İLK MASALIN
''Evvel zaman içinde kalbur saman içinde yemyeşil bir orman varmış. Aslanından
geyiğine, kuşundan kurbağasına, akrebinden sansarına, sırtlanından zürafasına
çeşit çeşit hayvan bu ormanda yaşarmış. Ancak günlerden bir gün, bu ormanda
pembe bir timsah doğdu. Kendine özgü rengi onun avlanmasını zorlaştırıyordu,
aç kalan timsah zamanla diğer hayvanlara alay konusu oldu. Diğer hayvanların
davranışları nedeniyle tek başına yaşamak zorunda kalan timsah hep hüzünle
doluydu.
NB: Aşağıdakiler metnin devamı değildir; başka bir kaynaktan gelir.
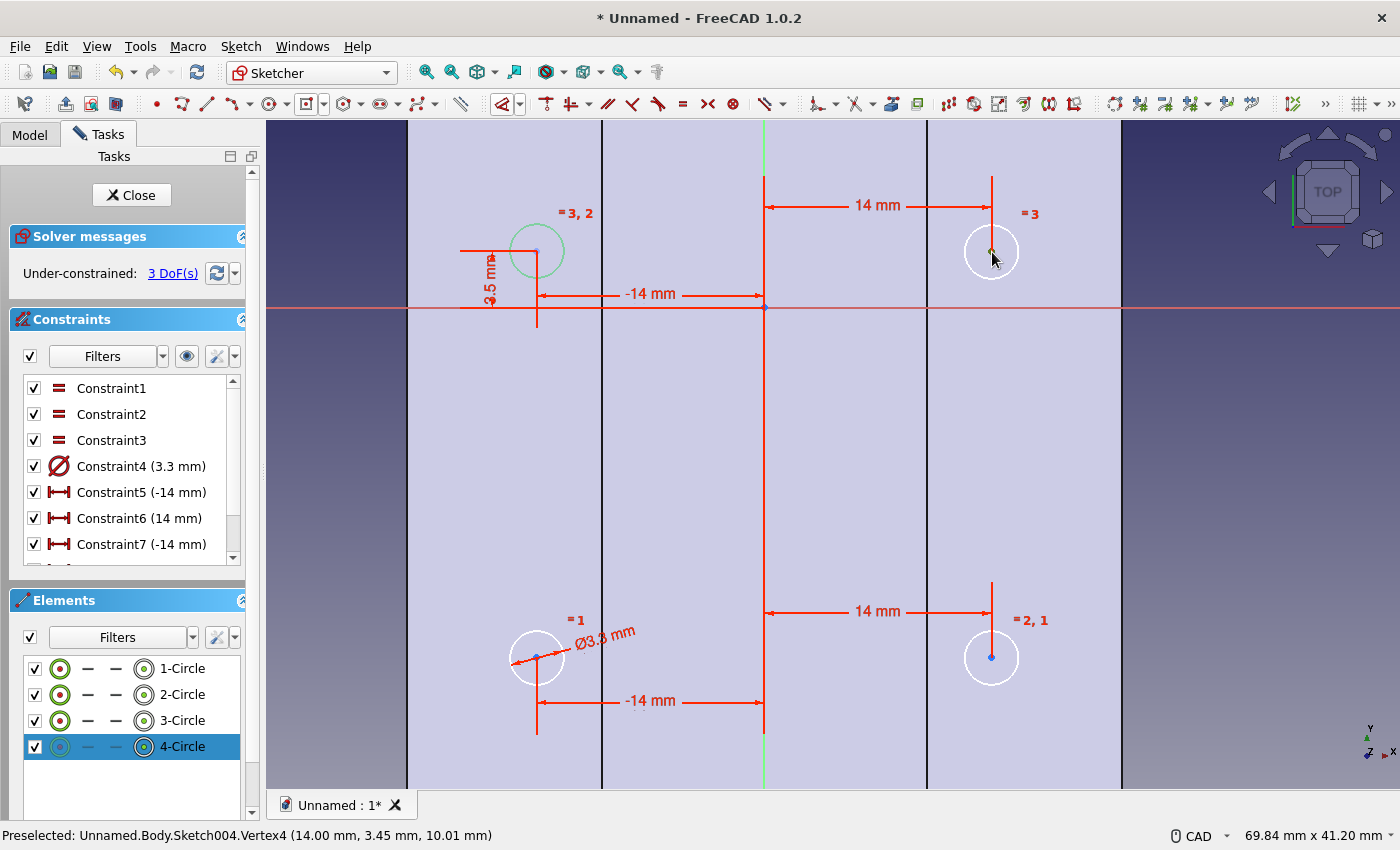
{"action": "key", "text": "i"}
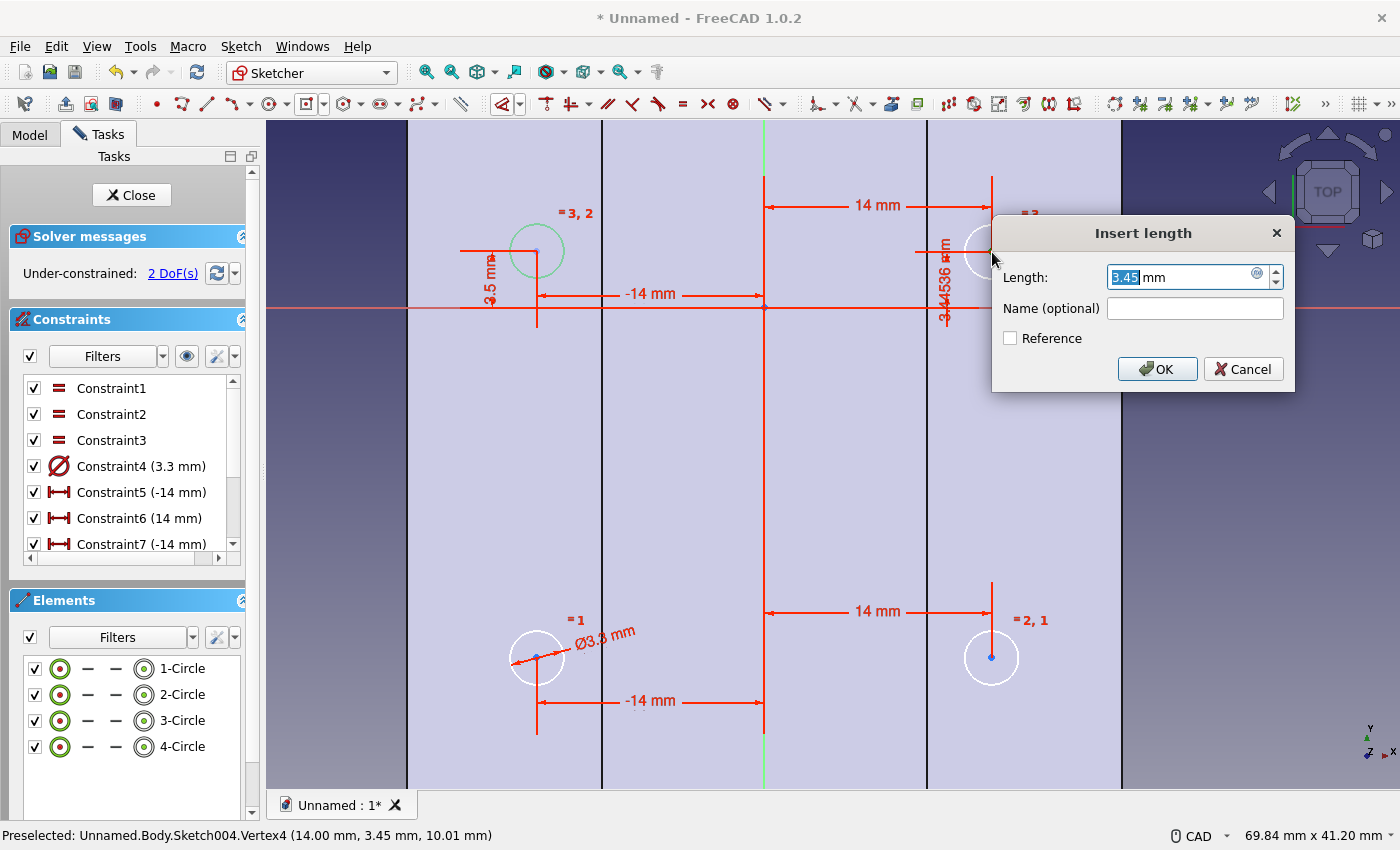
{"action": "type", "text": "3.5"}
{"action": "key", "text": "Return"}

Ta ki çok tatlı küçük bir arkadaş edinene kadar, narin uçamayan bir kuş.
Kuş küçüktü ve ailesini kaybetmişti. Bu yüzden timsahın sırtına çıkıp kendince
uçmayı denedi. Tekrar tekrar timsahın sırtından atlayarak pratik yaptı. Günden
güne uçma denemeleri yapan kuş bir gün timsahın ağızının içinde uyuya kaldı.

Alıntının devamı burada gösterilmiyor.